__EXERCISE__
Answer with one figure only, the number of lines below in which "from" occurs.
• • •
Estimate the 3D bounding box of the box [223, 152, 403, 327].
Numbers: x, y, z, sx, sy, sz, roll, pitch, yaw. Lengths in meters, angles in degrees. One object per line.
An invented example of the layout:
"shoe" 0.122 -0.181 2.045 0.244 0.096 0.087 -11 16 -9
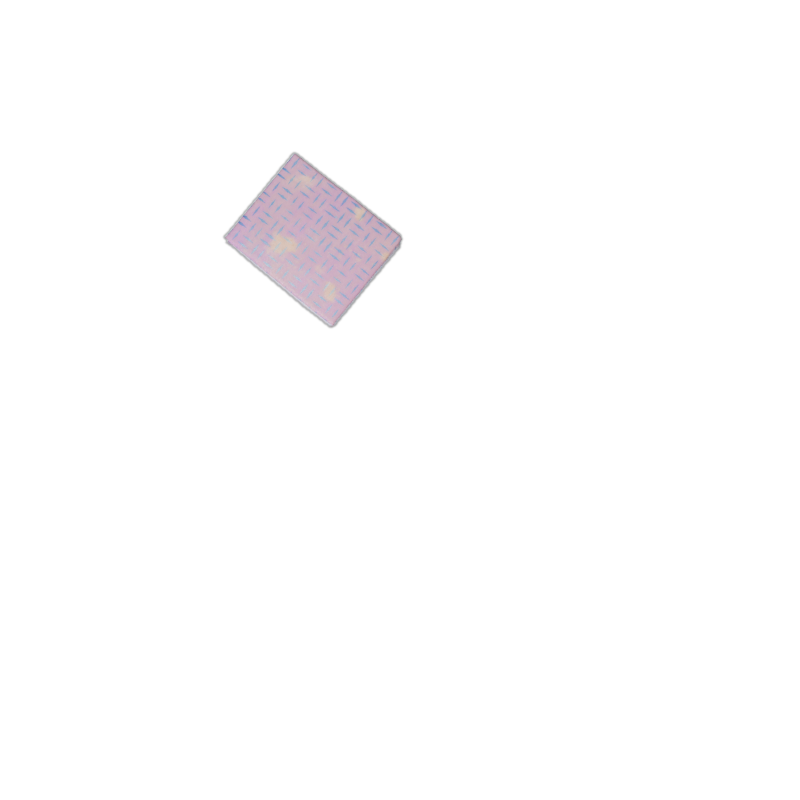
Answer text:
"box" -0.069 -0.126 0.885 0.115 0.091 0.038 38 -8 6
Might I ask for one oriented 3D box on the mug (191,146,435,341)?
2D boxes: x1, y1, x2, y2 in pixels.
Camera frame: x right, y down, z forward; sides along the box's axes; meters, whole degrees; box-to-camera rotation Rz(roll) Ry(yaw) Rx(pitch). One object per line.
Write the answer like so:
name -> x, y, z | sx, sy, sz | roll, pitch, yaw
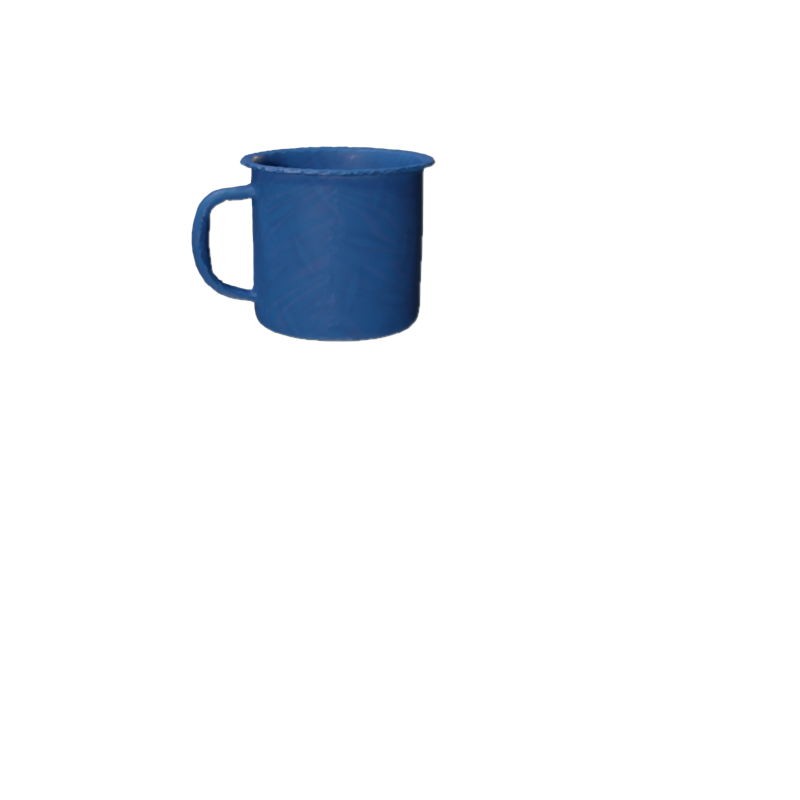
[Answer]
mug -> -0.042, -0.076, 0.534 | 0.115, 0.079, 0.098 | -4, 17, -16
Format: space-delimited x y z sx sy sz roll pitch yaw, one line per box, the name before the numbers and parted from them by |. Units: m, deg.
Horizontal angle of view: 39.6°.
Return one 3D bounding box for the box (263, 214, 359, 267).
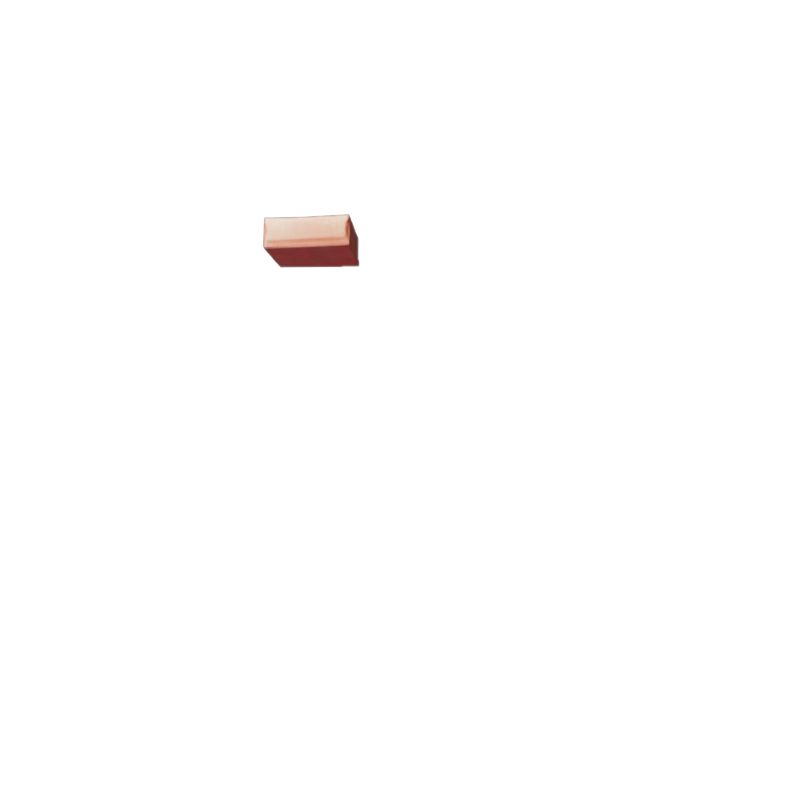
box | -0.075 -0.137 0.961 0.074 0.031 0.087 -1 -5 6
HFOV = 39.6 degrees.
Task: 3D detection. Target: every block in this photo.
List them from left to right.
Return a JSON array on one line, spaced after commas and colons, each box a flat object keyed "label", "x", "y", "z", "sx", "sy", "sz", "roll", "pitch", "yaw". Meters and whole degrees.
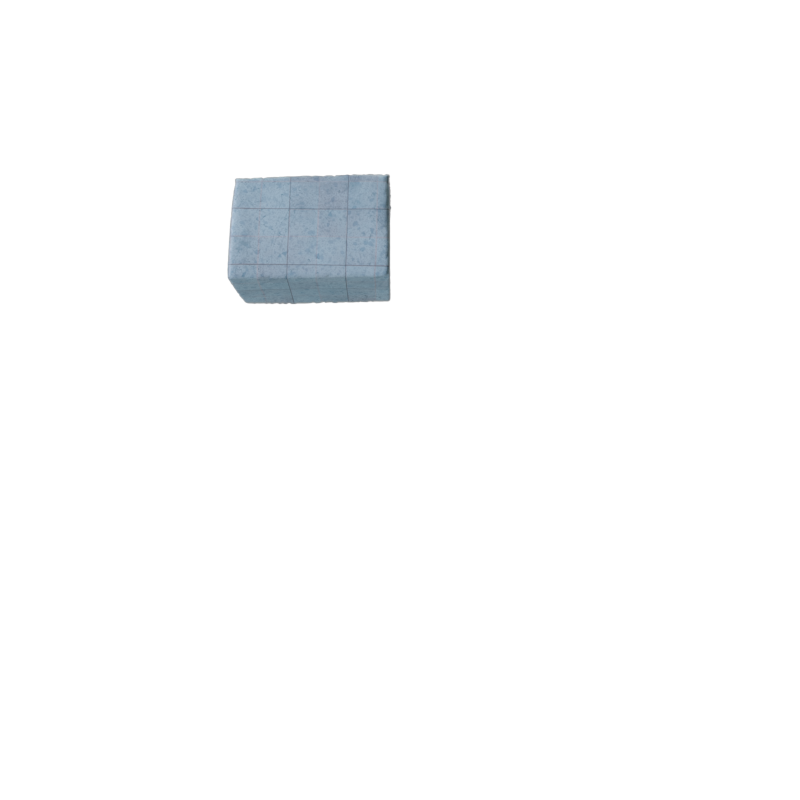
[{"label": "block", "x": -0.043, "y": -0.079, "z": 0.552, "sx": 0.078, "sy": 0.053, "sz": 0.051, "roll": -1, "pitch": -13, "yaw": 3}]
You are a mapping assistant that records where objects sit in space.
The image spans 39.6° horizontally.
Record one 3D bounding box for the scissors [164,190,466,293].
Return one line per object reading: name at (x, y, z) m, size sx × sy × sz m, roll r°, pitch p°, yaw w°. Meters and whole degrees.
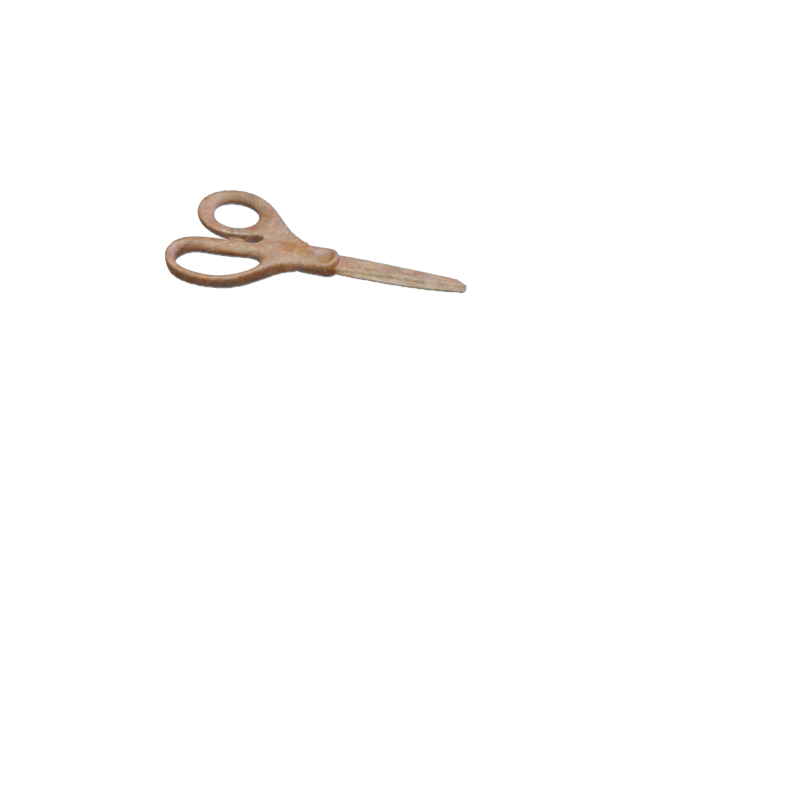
scissors at (-0.060, -0.109, 0.765) m, size 0.201 × 0.103 × 0.015 m, roll -1°, pitch -40°, yaw -1°
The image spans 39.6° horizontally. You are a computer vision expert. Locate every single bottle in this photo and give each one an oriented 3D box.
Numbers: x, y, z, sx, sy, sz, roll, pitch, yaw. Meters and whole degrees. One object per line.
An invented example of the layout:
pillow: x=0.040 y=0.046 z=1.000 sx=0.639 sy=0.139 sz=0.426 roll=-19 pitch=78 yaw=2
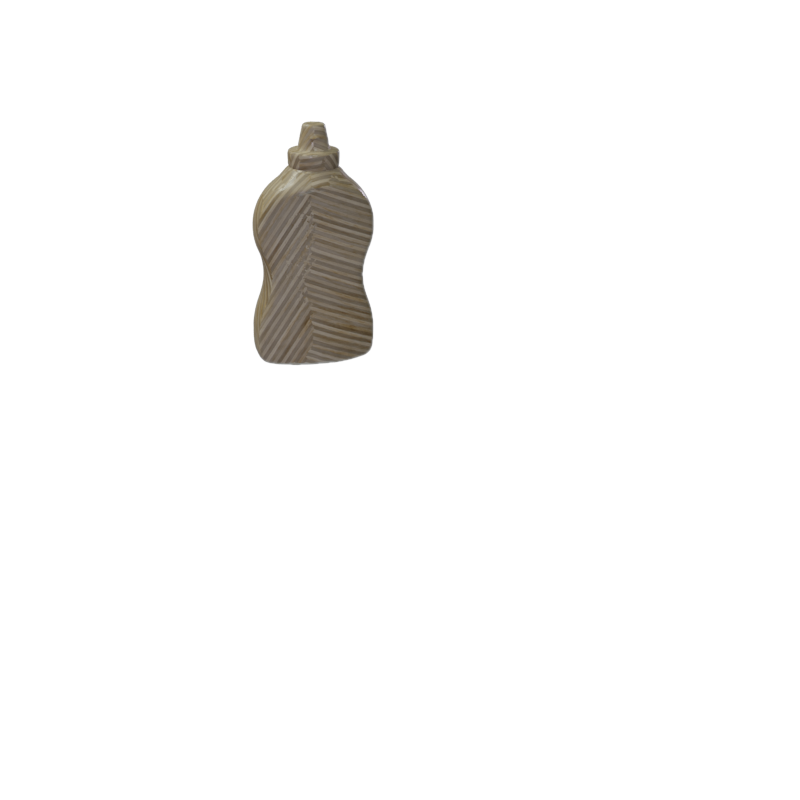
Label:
• • •
__EXERCISE RESPONSE__
2